During the presidential campaign, much of the debate around climate change centered on what Congress should do. That’s an important question, but if history is any guide, it will take time for Congress to settle on a bill — and there is no guarantee of success, even if Democrats beat the odds and end up gaining control of the Senate. In 2008, Democrats won both houses of Congress and spent nearly two years developing and debating a cap-and-trade bill that ultimately failed — leaving it to cities, states and businesses to act largely on their own.
This time, it’s imperative that President-elect Joe Biden take a whole-government approach to climate action right from the get-go. To his credit, his ambitious climate plan recognizes that there is much he can accomplish without Congress — and some of the most important steps he can take have nothing to do with the Environmental Protection Agency.
I have no doubt Joe Biden will appoint a talented EPA administrator who will start reversing some of the damage of the past four years, but that must be only the beginning. It’s essential that he appoint leaders committed to climate action to lead other key agencies, including the Federal Energy Regulatory Commission — which oversees interstate energy transmission, including oil and gas pipeline applications — as well as the departments of energy and transportation.

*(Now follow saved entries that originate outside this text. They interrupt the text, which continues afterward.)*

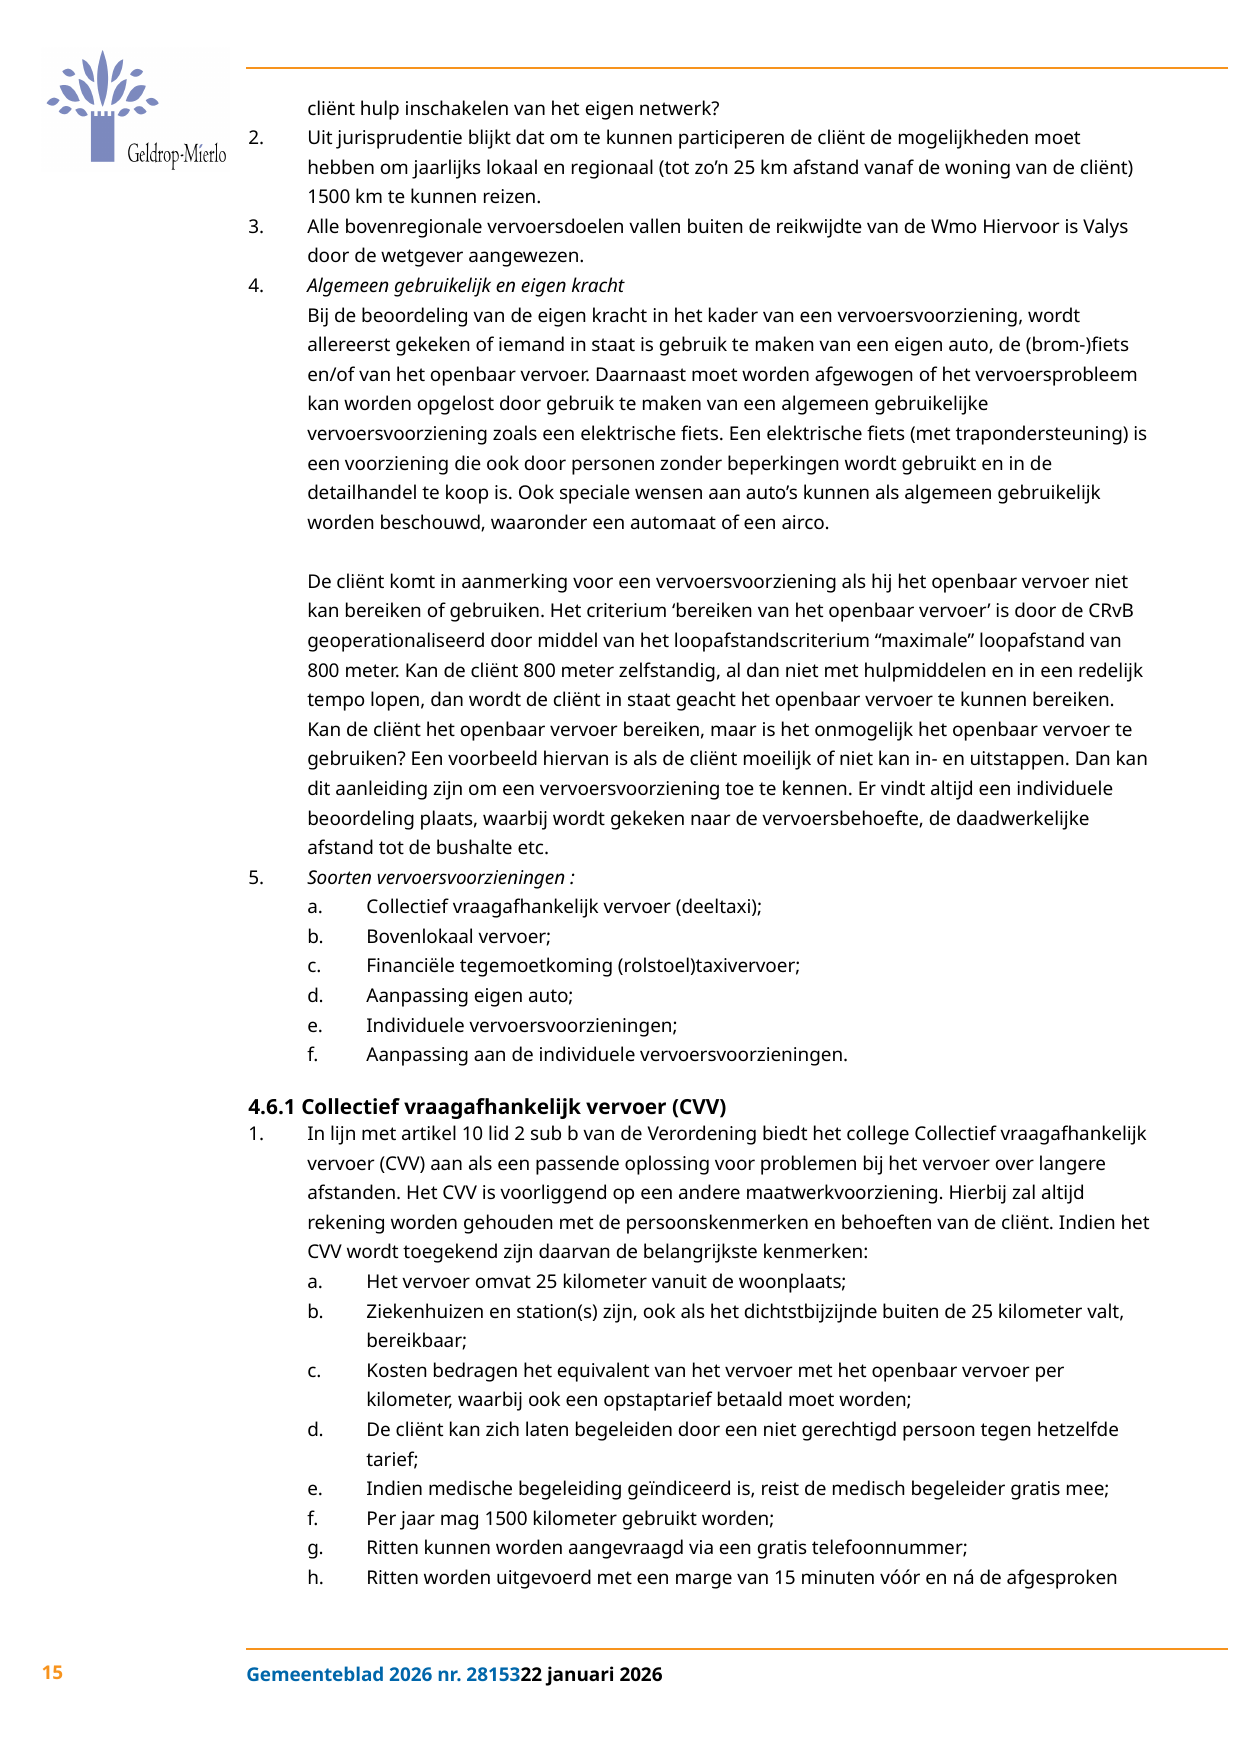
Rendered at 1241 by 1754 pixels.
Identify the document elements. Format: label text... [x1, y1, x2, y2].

list Individuele vervoersvoorzieningen; [307, 1012, 1152, 1038]
list Soorten vervoersvoorzieningen : [248, 864, 1152, 890]
list In lijn met artikel 10 lid 2 sub b van de Verordening biedt het college Collectief vraagafhankelijk vervoer (CVV) aan als een passende oplossing voor problemen bij het vervoer over langere afstanden. Het CVV is voorliggend op een andere maatwerkvoorziening. Hierbij zal altijd rekening worden gehouden met de persoonskenmerken en behoeften van de cliënt. Indien het CVV wordt toegekend zijn daarvan de belangrijkste kenmerken: [248, 1120, 1152, 1264]
list Het vervoer omvat 25 kilometer vanuit de woonplaats; [307, 1268, 1152, 1294]
list Alle bovenregionale vervoersdoelen vallen buiten de reikwijdte van de Wmo Hiervoor is Valys door de wetgever aangewezen. [248, 213, 1152, 268]
text 4.6.1 Collectief vraagafhankelijk vervoer (CVV) [248, 1092, 1152, 1120]
list Ritten kunnen worden aangevraagd via een gratis telefoonnummer; [307, 1534, 1152, 1560]
list Uit jurisprudentie blijkt dat om te kunnen participeren de cliënt de mogelijkheden moet hebben om jaarlijks lokaal en regionaal (tot zo’n 25 km afstand vanaf de woning van de cliënt) 1500 km te kunnen reizen. [248, 124, 1152, 209]
list Aanpassing aan de individuele vervoersvoorzieningen. [307, 1041, 1152, 1067]
list Algemeen gebruikelijk en eigen kracht [248, 272, 1152, 298]
list De cliënt kan zich laten begeleiden door een niet gerechtigd persoon tegen hetzelfde tarief; [307, 1416, 1152, 1471]
list Bij de beoordeling van de eigen kracht in het kader van een vervoersvoorziening, wordt allereerst gekeken of iemand in staat is gebruik te maken van een eigen auto, de (brom-)fiets en/of van het openbaar vervoer. Daarnaast moet worden afgewogen of het vervoersprobleem kan worden opgelost door gebruik te maken van een algemeen gebruikelijke vervoersvoorziening zoals een elektrische fiets. Een elektrische fiets (met trapondersteuning) is een voorziening die ook door personen zonder beperkingen wordt gebruikt en in de detailhandel te koop is. Ook speciale wensen aan auto’s kunnen als algemeen gebruikelijk worden beschouwd, waaronder een automaat of een airco. [248, 302, 1152, 535]
list Ziekenhuizen en station(s) zijn, ook als het dichtstbijzijnde buiten de 25 kilometer valt, bereikbaar; [307, 1298, 1152, 1353]
list Bovenlokaal vervoer; [307, 923, 1152, 949]
list Financiële tegemoetkoming (rolstoel)taxivervoer; [307, 953, 1152, 978]
list cliënt hulp inschakelen van het eigen netwerk? [248, 95, 1152, 121]
list Indien medische begeleiding geïndiceerd is, reist de medisch begeleider gratis mee; [307, 1475, 1152, 1501]
list Kosten bedragen het equivalent van het vervoer met het openbaar vervoer per kilometer, waarbij ook een opstaptarief betaald moet worden; [307, 1357, 1152, 1412]
list De cliënt komt in aanmerking voor een vervoersvoorziening als hij het openbaar vervoer niet kan bereiken of gebruiken. Het criterium ‘bereiken van het openbaar vervoer’ is door de CRvB geoperationaliseerd door middel van het loopafstandscriterium “maximale” loopafstand van 800 meter. Kan de cliënt 800 meter zelfstandig, al dan niet met hulpmiddelen en in een redelijk tempo lopen, dan wordt de cliënt in staat geacht het openbaar vervoer te kunnen bereiken. Kan de cliënt het openbaar vervoer bereiken, maar is het onmogelijk het openbaar vervoer te gebruiken? Een voorbeeld hiervan is als de cliënt moeilijk of niet kan in- en uitstappen. Dan kan dit aanleiding zijn om een vervoersvoorziening toe te kennen. Er vindt altijd een individuele beoordeling plaats, waarbij wordt gekeken naar de vervoersbehoefte, de daadwerkelijke afstand tot de bushalte etc. [248, 568, 1152, 860]
list Per jaar mag 1500 kilometer gebruikt worden; [307, 1505, 1152, 1531]
picture [41, 47, 231, 172]
list Aanpassing eigen auto; [307, 982, 1152, 1008]
list Collectief vraagafhankelijk vervoer (deeltaxi); [307, 893, 1152, 919]
list Ritten worden uitgevoerd met een marge van 15 minuten vóór en ná de afgesproken [307, 1564, 1152, 1590]

The president-elect should expect each member of the cabinet to prioritize climate action and integrate it throughout the agency’s operations. For instance: The Department of Defense should invest in its facilities’ resilience, which is critical to our national security. The same is true for other infrastructure that the federal government supports and the public relies on, including roads and rail, airports and ports, and telecommunication systems.
The Department of Housing and Urban Development can raise environmental requirements for construction projects it funds. And all agencies can integrate climate-change considerations into their procurement processes, lowering the carbon footprint and environmental impact of the goods and services that taxpayers buy through the federal government.
There are other agencies that have the potential to have an enormous impact on emission reductions, though their power is less widely recognized. It’s critical, for instance, that the new head of the Securities and Exchange Commission recognize that climate change is a risk to the global financial system — and act on it. The SEC requires public companies to disclose information about their financial health and can broaden those requirements to include more information about climate risks and preparedness, information that investors need to make smart decisions.
This week, the U.K. became the latest country to announce that it will require companies to report climate risks. More than 1,500 companies, regulators and financial institutions have voiced support for guidelines published by the Financial Stability Board’s Task Force on Climate-Related Financial Disclosures, which I chair. But there is a growing risk countries will adopt differing standards, making it extremely difficult for investors to make apples-to-apples comparisons and blunting the power of the marketplace to drive change.
Investors and consumers — and global economic stability — are well-served by more uniform financial reporting standards, a lesson that became painfully clear after the 2008 crisis. At the same time, increased and uniform disclosure of climate risk is one of the most powerful tools we have in reducing emissions, because more transparency will create stronger incentives for companies to take action, by driving more private investment to those that do.
Whatever happens — or doesn’t happen — in the next Congress, our best hope for bold climate action begins with a whole-government approach. And to succeed, it’s critical that President-elect Biden begins laying the groundwork now.